Together with the frequency ratios it is now possible to calculate the silencing probability for the 19 bp long binding site of siRNAs.
siRNA overhangs and scaffolds
In order to achieve effective gene silencing or knockdown, the 19 bp binding sequence must be supplemented with overhangs. There are different sequences that can be added to the binding sequence for different functionalities.
In Figure N the scheme of RNAi siRNAs is shown. For the siRNA to be recognized by the RNase E, the 5’ end of the siRNA have to start with the nucleotides adenine and guanine (Foley et al., 2015). Furthermore, the nucleotides at position three and four are not allowed to match with the target mRNA. At the 3’ end of the siRNA the MicC scaffold is added, which recruits the RNase E and facilitates the hybridization of siRNA and target mRNA (Na et al., 2013).
Figure M shows the scheme of a siRNA that should only silence the mRNA target. To achieve a higher stability of the siRNA, the OmpA scaffold is added at the 5’ end. In addition, the hybridization of the siRNA and the target mRNA should be facilitated by MicC again.

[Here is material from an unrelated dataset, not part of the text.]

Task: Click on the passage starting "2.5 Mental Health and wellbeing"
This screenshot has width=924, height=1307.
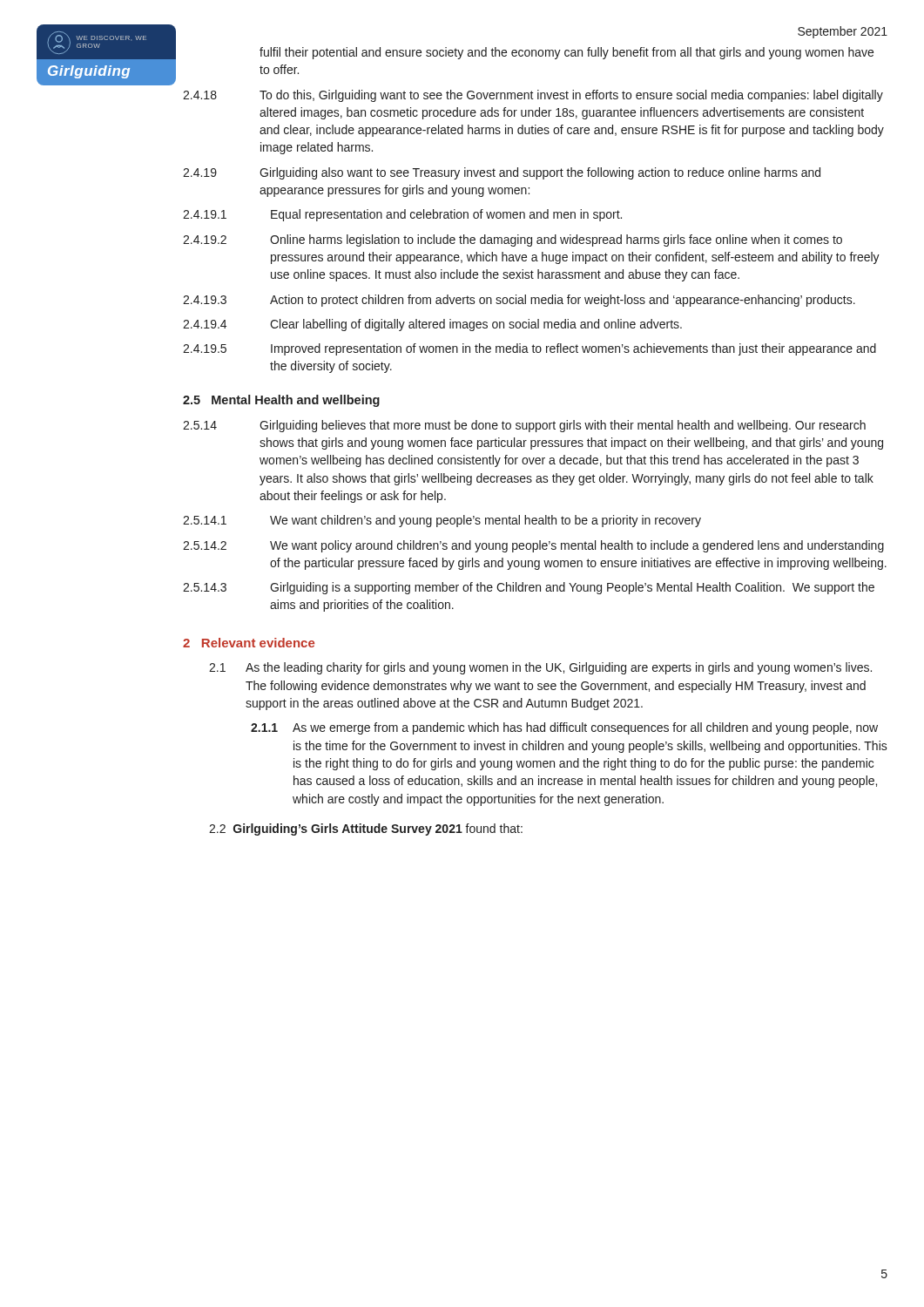Action: [281, 400]
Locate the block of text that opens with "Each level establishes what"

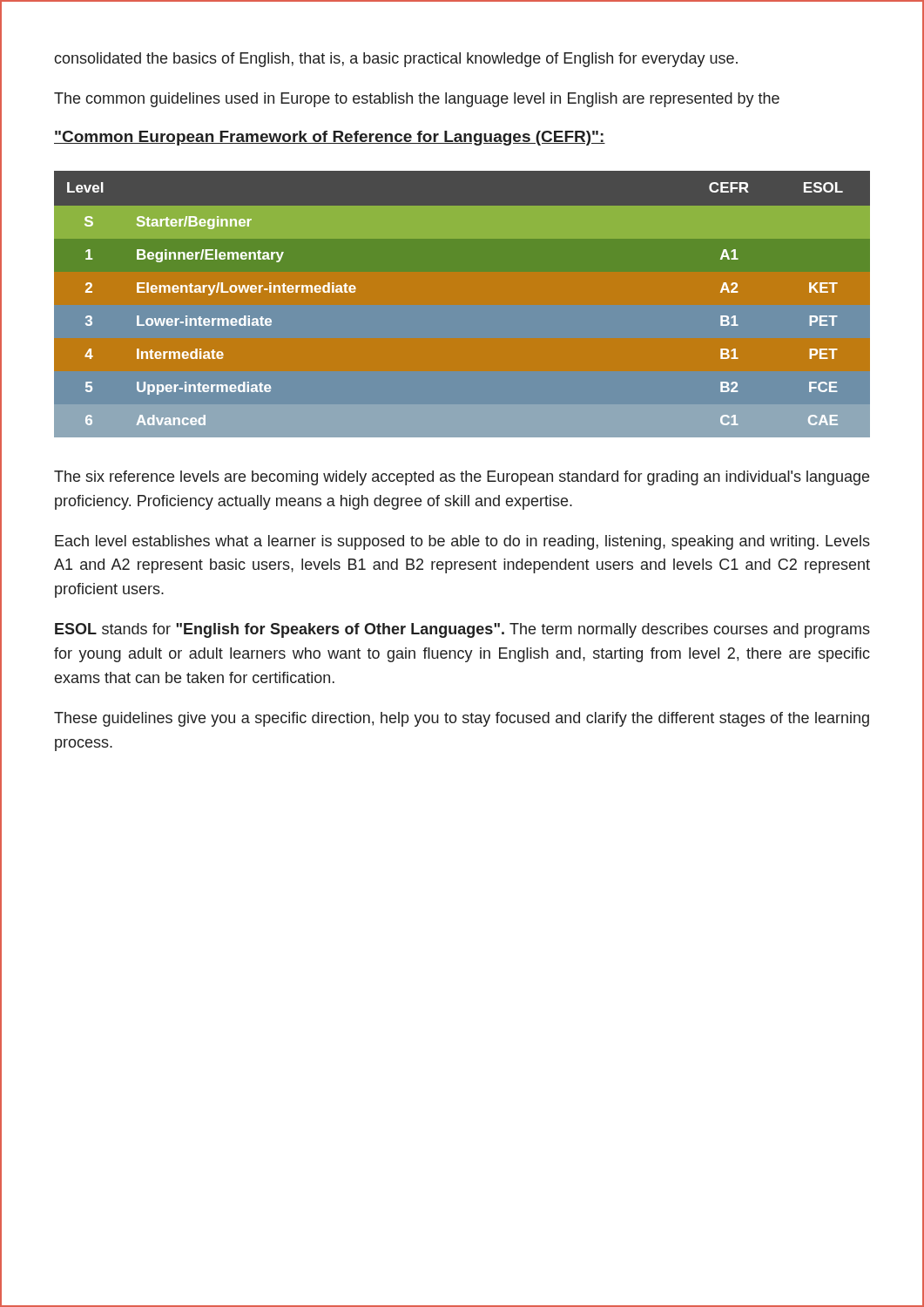coord(462,565)

These overhang and scaffold sequences are also part of our vector system. If the vector system is selected when using our tool, the fitting overlaps to the vectors are added automatically. More theoretical information about the overhangs and scaffolds can be found here.
Check siRNA (Alpha)
Beside the construction of siRNAs, we also implemented a check siRNA functionality, which is still under construction and only supports a few features right know. For a given target sequence and a corresponding siRNA it is checked whether the siRNA might bind to its target and how well it fulfills the described criteria’s. Furthermore, its silence effectivity is calculated.